Stehe also nicht still bei dem Blute deines Nächsten (3. Buch Mose 19, 16), sprich nicht mit Kain: bin ich denn der Hüter meines Bruders?— denn solche Gesinnung war ja die Begleiterin des schnöden Mordes — sondern erhebe dich zum Bewusstsein der Pflicht, für deinen Nebenmenschen eintreten und handeln zu müssen in allen Gefahren und Drangsalen, die ihn bedrohen.
Rette die dem Tode geweiht und dem Untergange verfallen sind (Sprüche Salomos 24, 11); brich dem Hungrigen dein Brot und die armen Bedrängten führe in dein Haus; kleide die Nackten und entziehe dich nicht dem, der deines Fleisches ist (Jesajas 58, 8).
Tritt aus dir heraus und aus dem engen Gesichtskreis des eignen Nutzens und Wohlbefindens, um auf die Andern hinzublicken, auf die Leidenden und Bedürftigen um dich her; sei ihrer Blindheit Auge, Ohr ihrer Taubheit, Beistand und Fürsorge ihrer Unbehilflichkeit.

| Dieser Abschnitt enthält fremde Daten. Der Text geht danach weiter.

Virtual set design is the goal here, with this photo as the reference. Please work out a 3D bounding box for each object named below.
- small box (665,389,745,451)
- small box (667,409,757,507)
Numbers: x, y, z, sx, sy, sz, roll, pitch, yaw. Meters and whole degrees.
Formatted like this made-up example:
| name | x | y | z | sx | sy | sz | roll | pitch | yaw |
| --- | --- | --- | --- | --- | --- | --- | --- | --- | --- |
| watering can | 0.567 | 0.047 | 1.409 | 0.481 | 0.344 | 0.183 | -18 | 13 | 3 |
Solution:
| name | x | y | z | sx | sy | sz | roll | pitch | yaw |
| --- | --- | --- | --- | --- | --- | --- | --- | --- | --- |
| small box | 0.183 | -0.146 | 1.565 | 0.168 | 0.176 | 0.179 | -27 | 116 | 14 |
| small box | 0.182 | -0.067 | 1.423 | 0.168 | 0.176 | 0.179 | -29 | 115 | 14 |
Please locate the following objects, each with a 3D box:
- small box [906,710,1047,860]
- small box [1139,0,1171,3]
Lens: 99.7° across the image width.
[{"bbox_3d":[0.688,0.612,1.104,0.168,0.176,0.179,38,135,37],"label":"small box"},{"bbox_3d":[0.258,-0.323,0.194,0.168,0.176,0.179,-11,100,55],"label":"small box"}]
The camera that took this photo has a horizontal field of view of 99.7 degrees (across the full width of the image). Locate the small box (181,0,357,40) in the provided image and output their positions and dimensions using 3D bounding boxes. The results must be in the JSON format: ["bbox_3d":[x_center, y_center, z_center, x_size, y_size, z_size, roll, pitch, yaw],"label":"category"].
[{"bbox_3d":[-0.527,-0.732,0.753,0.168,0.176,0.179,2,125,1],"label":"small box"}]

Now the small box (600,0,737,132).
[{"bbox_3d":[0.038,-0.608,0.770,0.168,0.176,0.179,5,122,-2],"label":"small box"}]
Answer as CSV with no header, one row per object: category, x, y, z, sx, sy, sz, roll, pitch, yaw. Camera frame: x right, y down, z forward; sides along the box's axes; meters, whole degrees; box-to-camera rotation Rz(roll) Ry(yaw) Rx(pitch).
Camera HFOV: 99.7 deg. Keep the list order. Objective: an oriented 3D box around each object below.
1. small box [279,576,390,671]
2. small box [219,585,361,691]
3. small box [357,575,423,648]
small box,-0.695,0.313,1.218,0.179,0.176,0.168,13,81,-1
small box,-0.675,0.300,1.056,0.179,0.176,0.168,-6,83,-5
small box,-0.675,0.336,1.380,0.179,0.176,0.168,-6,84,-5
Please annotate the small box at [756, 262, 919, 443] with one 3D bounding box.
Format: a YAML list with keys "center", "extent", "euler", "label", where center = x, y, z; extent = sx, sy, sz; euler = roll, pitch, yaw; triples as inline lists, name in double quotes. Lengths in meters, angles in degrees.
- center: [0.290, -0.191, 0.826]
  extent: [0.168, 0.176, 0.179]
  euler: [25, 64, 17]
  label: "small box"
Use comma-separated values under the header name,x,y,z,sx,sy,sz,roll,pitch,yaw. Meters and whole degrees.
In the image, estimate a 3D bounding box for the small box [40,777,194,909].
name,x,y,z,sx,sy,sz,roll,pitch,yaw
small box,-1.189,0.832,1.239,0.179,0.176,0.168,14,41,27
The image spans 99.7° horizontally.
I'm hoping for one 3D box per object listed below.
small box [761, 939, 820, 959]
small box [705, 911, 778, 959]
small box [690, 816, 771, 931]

Erkenne, dass dein Nächster, wie er dir ähnlich gebildet, wie ihm das Siegel der Gottheit auf die Stirn gedrückt ist gleich dir, auch dieselben Anforderungen an das Leben hat, dass auch er ein Kind Gottes ist, als welches du dich selbst so gern und mit so vollem Rechte empfindest. Hilf ihm daher aus den irdischen Nöten unversehrt hervorzugehen; je schmerzlicher er von denselben heimgesucht wird, je weniger er also dem höheren Dasein sich erschließen kann, desto größer ist dein Verdienst, wenn du ihn wieder aufrichtest und ihn wieder befähigst, nach der Gottähnlichkeit, für die er geschaffen, zu leben und zu wirken.
Mit Einem Wort: liebe den Nächsten wie dich selbst, liebe den Fremden wie dich selbst (3. Buch Mose 19, 18 und 34), das heißt wie das Ebenbild Gottes. Erblicke es auch in dem Unbekannten, der dir ferne steht. — Den Verbrecher aber, der von der Ähnlichkeit mit seinem heiligen Urbild abgewichen, führe zurück zur Ebenbildlichkeit mit demselben, auf dass du sein geistiges Leben rettest.